> **Required work**: Please say how many lines in the records contain the word "Column", giving only the number.

> **Input data**:
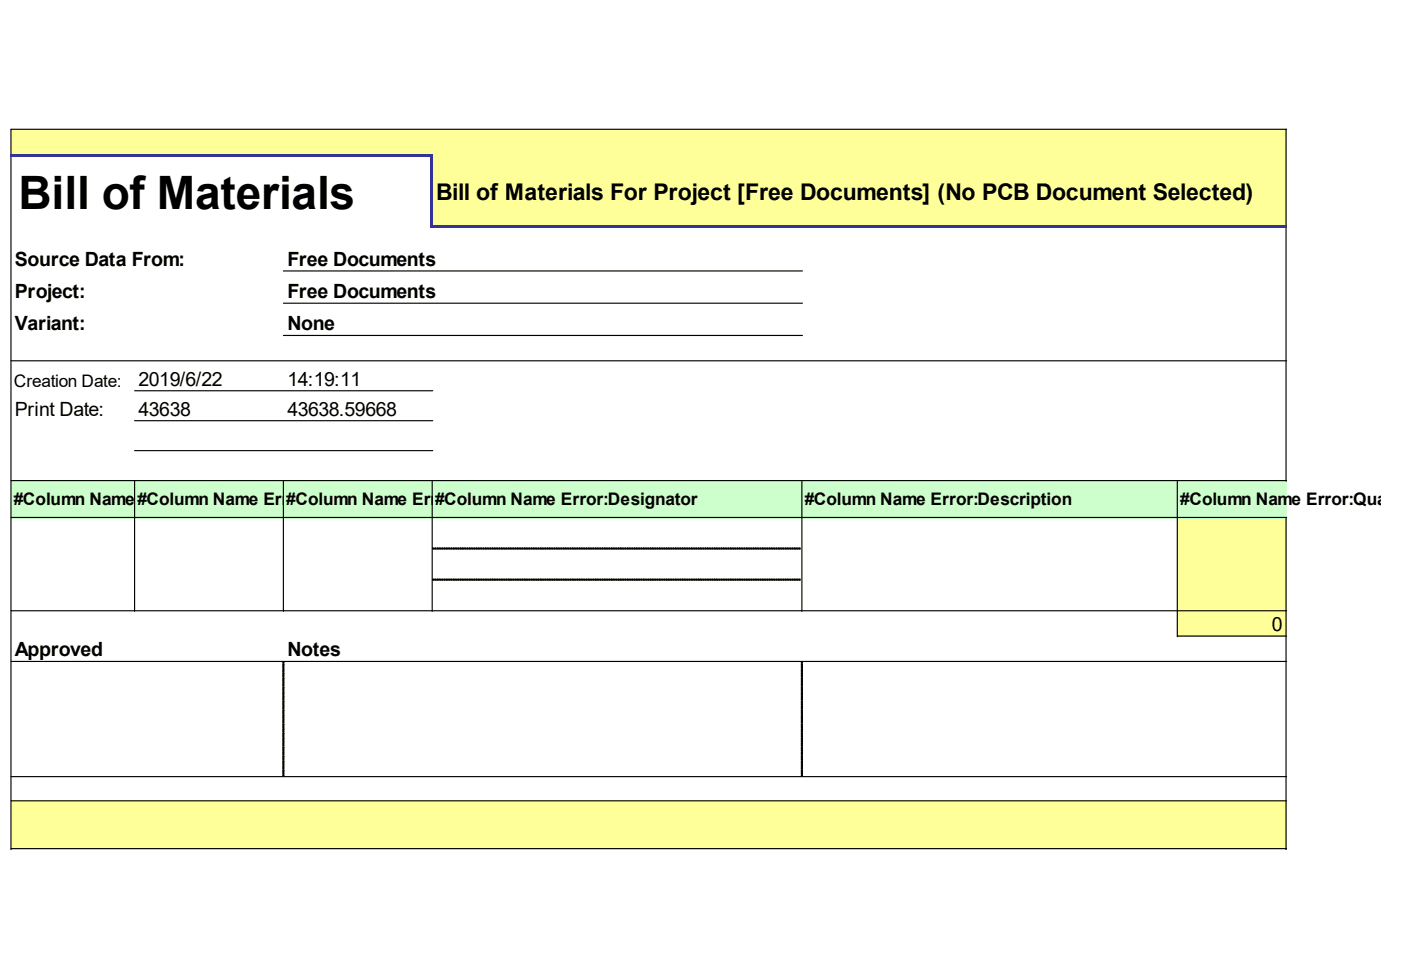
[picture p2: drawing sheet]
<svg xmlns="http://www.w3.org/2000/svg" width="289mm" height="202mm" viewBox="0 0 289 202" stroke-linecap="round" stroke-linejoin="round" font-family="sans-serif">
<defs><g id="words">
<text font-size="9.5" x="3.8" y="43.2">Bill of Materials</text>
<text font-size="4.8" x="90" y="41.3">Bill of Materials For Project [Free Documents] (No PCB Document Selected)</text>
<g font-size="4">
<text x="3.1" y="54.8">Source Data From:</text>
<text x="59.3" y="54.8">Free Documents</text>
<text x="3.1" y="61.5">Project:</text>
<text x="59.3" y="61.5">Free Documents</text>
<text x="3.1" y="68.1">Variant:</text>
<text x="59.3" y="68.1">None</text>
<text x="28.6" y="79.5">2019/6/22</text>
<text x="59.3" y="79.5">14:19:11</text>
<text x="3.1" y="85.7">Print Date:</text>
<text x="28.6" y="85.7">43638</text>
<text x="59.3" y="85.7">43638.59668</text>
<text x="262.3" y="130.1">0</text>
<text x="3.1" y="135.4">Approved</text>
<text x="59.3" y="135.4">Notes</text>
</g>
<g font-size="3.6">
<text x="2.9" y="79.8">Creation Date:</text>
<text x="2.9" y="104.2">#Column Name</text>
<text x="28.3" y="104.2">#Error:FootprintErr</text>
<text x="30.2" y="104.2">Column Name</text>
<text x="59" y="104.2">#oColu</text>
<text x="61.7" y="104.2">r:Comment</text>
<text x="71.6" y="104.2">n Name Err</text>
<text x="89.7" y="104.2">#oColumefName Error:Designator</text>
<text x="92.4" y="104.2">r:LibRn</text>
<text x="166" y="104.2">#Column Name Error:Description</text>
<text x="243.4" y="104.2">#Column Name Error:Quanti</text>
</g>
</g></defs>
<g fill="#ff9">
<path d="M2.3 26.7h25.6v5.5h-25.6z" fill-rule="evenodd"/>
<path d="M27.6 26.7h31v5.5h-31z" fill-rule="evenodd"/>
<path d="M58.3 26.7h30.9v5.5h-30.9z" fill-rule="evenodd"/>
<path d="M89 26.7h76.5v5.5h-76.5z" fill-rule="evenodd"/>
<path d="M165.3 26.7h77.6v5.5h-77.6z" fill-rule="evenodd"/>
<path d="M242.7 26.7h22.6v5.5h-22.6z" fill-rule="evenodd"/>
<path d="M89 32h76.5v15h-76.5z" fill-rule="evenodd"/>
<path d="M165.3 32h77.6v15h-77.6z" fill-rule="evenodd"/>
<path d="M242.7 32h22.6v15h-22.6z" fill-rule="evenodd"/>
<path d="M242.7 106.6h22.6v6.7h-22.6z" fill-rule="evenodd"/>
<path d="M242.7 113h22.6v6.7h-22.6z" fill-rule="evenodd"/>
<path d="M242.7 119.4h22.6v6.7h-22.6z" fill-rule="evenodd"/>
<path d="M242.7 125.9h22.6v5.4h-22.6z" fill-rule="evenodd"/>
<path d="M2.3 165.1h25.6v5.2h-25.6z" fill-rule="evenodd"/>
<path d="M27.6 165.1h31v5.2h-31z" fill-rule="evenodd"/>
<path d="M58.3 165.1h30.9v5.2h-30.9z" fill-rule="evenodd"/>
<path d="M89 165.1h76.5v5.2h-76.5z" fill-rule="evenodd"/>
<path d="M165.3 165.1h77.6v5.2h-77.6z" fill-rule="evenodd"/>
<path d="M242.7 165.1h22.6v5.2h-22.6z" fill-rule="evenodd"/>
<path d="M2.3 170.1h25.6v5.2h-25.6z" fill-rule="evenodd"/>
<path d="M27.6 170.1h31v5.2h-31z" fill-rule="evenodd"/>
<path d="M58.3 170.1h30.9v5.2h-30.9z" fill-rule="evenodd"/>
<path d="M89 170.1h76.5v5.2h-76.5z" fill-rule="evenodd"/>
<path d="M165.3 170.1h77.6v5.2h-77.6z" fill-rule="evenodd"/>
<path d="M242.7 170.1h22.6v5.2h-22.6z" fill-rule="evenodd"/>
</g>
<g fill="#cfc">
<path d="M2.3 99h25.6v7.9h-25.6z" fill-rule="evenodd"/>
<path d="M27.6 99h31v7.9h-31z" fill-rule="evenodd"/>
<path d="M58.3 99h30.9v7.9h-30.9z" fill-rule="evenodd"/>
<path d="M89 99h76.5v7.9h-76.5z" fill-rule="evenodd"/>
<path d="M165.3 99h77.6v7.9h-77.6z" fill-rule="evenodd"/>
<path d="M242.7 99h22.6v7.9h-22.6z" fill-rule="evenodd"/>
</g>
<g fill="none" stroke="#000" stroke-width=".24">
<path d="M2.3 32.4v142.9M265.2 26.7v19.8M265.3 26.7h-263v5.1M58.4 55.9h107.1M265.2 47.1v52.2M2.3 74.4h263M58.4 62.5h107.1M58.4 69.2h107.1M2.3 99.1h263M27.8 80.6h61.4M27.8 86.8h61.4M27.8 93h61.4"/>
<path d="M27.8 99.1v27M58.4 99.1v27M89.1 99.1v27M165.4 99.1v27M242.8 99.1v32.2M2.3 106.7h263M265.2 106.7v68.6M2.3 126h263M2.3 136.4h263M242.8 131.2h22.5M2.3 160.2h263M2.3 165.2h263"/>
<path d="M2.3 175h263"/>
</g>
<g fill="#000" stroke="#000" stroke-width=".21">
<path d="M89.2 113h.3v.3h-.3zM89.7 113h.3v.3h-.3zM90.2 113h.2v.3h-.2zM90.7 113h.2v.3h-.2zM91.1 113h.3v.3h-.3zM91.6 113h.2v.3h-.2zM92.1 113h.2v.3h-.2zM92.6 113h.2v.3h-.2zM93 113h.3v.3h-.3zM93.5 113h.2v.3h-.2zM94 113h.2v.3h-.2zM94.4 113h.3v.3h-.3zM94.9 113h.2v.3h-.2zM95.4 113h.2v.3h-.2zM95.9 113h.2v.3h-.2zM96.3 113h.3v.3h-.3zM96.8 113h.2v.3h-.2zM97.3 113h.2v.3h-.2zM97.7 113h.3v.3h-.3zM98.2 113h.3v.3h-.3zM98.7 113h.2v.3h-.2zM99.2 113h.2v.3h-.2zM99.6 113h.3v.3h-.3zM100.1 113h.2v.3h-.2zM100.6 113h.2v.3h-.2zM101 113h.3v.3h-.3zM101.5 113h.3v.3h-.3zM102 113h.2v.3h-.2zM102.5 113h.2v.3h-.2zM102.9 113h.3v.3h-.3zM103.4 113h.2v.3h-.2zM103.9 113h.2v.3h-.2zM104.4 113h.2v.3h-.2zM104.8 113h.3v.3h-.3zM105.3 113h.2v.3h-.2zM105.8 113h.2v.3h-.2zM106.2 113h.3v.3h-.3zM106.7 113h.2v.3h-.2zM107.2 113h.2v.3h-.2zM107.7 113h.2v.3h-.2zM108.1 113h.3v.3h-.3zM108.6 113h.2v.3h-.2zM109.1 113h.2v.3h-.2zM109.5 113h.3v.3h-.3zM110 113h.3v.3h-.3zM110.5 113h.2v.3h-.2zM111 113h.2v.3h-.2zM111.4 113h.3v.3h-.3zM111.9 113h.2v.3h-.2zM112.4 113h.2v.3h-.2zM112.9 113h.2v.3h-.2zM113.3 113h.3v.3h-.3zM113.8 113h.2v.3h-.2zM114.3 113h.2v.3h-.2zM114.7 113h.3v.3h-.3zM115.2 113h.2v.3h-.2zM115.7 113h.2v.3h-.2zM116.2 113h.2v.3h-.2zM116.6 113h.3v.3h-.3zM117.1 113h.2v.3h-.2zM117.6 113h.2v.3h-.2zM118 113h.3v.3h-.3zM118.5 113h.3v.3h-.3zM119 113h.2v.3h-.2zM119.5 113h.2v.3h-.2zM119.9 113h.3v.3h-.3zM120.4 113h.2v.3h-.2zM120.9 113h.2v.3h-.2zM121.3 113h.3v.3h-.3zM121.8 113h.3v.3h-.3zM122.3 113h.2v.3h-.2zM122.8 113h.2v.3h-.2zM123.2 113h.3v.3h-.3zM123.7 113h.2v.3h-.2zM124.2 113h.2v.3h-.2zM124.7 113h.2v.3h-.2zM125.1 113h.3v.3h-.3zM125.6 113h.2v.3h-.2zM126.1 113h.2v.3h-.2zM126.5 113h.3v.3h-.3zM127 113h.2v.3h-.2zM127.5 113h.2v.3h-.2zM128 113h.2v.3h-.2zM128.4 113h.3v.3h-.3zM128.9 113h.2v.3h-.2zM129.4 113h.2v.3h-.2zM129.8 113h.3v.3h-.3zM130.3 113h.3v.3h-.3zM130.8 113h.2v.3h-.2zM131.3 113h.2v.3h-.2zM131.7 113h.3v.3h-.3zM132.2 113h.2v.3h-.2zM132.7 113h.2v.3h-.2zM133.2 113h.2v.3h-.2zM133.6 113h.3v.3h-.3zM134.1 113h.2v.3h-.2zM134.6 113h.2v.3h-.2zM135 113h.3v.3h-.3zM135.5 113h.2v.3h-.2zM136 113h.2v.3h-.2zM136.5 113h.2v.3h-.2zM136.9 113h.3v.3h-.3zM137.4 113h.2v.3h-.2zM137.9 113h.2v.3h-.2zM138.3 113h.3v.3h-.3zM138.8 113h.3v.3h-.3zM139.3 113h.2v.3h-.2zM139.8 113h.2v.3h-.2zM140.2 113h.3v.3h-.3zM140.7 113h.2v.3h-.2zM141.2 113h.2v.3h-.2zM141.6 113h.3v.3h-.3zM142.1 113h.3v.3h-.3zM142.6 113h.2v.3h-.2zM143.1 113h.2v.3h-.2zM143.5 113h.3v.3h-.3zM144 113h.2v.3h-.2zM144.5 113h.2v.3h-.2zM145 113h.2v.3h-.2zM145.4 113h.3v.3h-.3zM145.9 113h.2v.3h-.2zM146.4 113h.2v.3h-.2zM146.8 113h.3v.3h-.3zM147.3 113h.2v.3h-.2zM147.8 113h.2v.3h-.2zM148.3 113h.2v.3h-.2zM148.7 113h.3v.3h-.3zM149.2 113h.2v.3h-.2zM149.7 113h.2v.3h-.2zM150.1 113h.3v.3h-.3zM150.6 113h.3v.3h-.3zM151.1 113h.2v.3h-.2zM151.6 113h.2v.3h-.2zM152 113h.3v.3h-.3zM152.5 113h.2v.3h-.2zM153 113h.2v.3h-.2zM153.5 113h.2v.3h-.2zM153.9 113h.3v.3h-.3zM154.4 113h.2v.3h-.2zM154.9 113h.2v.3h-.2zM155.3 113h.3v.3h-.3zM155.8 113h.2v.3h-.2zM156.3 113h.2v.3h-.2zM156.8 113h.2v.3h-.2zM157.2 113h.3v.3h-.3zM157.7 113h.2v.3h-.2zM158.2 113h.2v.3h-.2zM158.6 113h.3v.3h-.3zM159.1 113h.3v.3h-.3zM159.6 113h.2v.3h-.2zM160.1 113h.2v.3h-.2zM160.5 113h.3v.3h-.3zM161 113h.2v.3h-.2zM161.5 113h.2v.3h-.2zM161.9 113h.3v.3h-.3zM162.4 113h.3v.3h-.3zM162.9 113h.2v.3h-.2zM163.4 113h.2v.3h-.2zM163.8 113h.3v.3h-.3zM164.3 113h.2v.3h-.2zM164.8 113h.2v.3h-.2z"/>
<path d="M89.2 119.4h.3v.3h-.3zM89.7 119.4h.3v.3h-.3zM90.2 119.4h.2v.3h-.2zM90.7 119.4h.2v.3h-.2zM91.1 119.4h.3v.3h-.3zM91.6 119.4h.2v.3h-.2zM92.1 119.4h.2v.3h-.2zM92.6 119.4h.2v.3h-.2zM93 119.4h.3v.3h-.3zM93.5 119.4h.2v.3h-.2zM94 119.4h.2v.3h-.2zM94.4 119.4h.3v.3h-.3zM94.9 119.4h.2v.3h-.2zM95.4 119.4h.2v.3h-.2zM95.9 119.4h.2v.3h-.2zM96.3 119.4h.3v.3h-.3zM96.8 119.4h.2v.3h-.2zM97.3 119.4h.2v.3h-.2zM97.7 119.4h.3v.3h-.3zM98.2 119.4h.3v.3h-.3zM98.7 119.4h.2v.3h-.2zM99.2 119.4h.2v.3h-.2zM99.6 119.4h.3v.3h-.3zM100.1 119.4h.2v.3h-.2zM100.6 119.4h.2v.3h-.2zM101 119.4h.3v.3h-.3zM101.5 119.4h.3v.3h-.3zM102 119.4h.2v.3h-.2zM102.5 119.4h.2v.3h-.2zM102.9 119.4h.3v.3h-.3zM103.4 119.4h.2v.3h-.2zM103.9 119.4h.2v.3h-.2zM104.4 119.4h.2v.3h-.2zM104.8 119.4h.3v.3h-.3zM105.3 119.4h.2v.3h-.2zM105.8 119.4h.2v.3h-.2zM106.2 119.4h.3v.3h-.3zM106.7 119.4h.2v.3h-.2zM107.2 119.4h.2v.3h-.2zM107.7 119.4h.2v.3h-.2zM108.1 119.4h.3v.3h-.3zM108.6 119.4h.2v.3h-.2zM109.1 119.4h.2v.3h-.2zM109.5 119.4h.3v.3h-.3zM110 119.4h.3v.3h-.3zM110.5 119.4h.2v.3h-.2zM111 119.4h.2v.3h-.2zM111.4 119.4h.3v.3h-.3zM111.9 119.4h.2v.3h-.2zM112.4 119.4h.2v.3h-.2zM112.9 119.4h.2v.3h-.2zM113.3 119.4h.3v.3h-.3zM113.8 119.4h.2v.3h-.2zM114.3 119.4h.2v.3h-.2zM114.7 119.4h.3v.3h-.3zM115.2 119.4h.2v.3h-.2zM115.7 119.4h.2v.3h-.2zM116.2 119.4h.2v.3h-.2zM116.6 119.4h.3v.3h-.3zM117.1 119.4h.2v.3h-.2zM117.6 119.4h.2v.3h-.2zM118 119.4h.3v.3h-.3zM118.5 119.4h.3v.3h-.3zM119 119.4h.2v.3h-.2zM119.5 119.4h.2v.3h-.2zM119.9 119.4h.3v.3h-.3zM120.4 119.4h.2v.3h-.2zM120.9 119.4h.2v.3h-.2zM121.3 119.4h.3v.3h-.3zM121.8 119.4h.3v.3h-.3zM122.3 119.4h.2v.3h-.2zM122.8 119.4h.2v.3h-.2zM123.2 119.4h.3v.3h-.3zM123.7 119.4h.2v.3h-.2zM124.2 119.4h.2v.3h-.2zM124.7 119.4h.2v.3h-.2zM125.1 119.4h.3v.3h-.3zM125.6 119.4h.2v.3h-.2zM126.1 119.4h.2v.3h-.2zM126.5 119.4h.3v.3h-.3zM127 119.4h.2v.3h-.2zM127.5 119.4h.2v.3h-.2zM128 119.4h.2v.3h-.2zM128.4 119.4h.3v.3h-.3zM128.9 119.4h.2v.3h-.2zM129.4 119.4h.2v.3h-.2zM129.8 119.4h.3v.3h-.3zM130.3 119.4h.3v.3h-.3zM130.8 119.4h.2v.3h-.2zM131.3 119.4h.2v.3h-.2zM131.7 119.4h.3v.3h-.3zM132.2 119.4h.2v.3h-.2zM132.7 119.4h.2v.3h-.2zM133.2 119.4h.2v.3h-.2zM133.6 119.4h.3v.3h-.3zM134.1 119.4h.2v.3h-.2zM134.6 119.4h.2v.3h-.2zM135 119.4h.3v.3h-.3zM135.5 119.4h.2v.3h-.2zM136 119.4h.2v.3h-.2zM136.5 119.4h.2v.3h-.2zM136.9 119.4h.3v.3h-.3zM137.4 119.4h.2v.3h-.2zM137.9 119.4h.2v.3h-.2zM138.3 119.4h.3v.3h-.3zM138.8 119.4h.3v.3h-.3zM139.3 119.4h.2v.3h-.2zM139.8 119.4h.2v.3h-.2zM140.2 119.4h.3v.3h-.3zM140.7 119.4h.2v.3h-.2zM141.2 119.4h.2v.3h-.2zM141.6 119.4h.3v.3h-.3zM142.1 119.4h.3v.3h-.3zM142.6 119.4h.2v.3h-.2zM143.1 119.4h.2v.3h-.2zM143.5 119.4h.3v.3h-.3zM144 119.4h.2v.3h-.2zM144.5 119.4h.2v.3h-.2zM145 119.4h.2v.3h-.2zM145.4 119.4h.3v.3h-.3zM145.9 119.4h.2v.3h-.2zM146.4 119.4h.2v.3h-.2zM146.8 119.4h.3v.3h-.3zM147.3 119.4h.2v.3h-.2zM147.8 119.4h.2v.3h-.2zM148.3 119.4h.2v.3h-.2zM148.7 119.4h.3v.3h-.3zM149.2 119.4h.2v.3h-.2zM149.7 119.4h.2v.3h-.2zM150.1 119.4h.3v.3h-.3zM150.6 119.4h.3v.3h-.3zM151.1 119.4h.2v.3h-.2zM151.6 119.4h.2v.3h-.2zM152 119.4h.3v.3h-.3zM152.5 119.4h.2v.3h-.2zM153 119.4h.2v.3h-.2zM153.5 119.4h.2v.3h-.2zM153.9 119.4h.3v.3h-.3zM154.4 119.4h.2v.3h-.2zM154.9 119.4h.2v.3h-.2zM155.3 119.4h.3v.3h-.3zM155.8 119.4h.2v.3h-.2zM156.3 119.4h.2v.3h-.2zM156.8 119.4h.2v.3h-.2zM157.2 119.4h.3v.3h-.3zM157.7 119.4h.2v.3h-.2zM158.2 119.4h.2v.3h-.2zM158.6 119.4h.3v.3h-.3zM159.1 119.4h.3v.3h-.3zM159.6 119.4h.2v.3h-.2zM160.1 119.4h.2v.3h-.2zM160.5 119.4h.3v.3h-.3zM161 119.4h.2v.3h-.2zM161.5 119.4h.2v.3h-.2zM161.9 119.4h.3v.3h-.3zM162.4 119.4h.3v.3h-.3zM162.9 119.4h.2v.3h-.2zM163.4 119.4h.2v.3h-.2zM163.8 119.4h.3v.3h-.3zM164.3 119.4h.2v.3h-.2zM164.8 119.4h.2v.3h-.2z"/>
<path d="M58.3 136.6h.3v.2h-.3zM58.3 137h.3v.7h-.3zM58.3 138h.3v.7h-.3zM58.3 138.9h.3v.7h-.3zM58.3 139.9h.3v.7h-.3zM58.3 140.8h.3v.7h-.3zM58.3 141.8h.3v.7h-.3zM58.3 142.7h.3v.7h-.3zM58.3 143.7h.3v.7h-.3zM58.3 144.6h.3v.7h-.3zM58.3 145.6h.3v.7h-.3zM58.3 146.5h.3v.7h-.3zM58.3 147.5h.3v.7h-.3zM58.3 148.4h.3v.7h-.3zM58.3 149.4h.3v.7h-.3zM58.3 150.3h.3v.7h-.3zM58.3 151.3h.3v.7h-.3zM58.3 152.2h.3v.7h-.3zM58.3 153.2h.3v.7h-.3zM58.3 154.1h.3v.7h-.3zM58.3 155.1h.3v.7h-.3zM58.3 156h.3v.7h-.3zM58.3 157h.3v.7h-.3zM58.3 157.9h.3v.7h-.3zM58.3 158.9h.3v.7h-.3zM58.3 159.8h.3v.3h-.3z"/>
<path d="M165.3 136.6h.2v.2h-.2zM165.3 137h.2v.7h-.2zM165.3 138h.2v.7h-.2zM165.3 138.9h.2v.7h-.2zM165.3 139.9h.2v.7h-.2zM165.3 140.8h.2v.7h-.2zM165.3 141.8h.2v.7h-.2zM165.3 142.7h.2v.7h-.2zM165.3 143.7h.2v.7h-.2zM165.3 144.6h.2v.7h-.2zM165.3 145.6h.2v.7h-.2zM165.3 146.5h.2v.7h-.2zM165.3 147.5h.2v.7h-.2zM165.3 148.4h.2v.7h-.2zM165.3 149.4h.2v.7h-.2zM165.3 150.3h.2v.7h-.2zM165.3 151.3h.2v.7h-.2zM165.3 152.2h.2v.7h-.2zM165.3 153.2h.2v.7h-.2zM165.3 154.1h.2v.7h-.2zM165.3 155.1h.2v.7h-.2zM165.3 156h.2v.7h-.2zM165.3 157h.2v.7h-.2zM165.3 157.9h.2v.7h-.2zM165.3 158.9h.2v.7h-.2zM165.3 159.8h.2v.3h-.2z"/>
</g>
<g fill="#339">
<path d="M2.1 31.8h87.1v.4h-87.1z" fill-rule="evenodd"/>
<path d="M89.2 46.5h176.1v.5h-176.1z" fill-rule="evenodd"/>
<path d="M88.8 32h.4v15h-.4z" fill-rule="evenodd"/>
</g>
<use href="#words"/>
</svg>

> **Solved exercise**: 4